▸ Data extracted from a collection
▼▼▼

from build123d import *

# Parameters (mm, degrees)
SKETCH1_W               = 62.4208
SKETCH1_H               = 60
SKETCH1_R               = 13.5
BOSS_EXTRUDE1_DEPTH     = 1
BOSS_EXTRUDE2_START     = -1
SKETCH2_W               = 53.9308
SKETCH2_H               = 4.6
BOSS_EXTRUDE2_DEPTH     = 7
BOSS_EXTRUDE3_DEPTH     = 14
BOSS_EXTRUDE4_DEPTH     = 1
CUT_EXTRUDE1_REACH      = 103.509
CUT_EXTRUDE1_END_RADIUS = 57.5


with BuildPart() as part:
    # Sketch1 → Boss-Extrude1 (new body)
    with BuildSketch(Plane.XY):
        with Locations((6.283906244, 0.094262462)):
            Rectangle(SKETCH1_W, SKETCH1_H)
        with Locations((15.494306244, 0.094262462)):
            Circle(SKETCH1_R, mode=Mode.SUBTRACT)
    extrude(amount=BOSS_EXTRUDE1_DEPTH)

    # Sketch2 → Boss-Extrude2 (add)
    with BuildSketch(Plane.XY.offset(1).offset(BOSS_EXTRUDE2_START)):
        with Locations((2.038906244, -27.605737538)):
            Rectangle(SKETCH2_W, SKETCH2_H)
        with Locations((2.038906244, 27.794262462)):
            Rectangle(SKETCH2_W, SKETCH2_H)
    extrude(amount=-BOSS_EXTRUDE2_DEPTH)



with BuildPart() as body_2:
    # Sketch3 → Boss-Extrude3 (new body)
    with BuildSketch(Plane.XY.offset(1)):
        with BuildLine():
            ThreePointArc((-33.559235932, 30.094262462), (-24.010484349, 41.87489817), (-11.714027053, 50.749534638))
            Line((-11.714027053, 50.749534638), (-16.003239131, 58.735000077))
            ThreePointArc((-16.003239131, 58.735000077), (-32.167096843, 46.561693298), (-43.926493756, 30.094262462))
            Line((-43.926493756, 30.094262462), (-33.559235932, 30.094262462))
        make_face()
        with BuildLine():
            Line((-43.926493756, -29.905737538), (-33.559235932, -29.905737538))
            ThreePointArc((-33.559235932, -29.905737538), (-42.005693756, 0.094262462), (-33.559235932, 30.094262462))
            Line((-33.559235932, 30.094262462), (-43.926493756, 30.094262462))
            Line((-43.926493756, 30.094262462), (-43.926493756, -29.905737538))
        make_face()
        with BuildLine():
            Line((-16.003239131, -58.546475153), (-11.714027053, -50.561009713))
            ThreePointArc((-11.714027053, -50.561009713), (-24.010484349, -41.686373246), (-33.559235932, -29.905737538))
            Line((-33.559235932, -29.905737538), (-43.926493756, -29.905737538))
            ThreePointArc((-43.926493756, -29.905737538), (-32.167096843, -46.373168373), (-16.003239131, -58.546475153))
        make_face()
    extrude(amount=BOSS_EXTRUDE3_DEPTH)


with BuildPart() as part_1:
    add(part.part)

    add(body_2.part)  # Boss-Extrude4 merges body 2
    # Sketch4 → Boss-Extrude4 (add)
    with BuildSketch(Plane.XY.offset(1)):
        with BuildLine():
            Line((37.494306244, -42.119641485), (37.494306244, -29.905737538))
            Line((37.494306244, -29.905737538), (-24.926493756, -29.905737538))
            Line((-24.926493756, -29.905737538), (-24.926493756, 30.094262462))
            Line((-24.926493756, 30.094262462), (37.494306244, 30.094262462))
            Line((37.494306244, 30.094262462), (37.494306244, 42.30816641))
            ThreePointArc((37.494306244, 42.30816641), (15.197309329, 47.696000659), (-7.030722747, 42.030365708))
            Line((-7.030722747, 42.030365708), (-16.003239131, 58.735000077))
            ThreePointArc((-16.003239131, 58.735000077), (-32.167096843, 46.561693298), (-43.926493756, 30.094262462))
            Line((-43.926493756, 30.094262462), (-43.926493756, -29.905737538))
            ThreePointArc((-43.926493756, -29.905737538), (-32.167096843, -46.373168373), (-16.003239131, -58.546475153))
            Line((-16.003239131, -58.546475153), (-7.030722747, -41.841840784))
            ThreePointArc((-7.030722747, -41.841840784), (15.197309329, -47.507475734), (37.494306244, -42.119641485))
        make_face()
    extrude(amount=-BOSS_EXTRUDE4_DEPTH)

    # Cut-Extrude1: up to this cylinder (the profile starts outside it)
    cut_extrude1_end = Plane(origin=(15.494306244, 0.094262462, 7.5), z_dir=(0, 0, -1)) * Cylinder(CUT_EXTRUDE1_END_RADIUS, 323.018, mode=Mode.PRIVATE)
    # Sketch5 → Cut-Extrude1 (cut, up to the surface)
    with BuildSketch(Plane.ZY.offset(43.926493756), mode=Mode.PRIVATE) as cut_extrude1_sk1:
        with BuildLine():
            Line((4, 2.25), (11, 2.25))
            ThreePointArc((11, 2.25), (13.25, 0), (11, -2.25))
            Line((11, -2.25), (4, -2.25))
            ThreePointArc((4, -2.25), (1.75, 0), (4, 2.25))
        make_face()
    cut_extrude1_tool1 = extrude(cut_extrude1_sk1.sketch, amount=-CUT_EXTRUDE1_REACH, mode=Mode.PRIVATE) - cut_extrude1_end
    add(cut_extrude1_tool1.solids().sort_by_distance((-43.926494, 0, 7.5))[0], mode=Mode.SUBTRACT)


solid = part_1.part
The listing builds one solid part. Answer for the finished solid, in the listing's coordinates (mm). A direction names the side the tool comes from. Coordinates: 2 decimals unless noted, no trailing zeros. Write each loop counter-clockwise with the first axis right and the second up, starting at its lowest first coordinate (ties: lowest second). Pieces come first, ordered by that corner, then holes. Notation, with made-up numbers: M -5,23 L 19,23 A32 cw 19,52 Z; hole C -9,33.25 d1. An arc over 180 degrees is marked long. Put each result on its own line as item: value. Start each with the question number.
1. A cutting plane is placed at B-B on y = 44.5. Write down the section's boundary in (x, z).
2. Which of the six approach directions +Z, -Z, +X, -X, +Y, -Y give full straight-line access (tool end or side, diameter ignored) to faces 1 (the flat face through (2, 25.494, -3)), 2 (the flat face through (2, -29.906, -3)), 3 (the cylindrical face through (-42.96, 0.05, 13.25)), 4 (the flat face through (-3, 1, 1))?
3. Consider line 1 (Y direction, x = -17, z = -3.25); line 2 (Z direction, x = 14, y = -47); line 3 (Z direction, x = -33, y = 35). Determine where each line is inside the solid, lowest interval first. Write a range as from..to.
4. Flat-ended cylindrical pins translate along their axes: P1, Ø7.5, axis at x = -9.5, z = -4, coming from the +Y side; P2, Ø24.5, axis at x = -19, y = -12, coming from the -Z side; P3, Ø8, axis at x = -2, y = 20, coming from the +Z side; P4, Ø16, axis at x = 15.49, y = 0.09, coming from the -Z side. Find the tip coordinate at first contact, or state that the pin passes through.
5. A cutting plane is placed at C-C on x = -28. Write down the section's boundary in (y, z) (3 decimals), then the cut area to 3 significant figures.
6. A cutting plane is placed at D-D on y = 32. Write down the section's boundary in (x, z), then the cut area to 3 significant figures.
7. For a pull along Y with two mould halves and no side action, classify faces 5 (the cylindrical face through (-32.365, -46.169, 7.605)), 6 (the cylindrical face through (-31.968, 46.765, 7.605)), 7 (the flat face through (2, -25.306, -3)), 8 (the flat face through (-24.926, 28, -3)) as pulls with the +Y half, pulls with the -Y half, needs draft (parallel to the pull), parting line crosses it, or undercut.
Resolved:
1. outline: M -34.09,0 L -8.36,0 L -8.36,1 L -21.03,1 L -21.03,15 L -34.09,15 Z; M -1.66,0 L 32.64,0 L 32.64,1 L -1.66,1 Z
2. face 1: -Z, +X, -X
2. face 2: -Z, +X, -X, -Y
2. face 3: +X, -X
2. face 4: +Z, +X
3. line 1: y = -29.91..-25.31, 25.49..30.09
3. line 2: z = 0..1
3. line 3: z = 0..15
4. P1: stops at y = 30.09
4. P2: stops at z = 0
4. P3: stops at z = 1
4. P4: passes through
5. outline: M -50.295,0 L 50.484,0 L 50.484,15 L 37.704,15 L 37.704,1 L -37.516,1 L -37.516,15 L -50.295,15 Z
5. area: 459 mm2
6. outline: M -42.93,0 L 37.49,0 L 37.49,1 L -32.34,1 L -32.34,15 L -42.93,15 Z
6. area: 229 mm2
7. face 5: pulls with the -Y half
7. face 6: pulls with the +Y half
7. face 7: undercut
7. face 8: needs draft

▲▲▲

▸ TASK INSTRUCTIONS
Repeat the lines above, from the one containing "6. area: 229 mm2" to the final line, word for word and with nothing else.

▸ TASK RESULT
6. area: 229 mm2
7. face 5: pulls with the -Y half
7. face 6: pulls with the +Y half
7. face 7: undercut
7. face 8: needs draft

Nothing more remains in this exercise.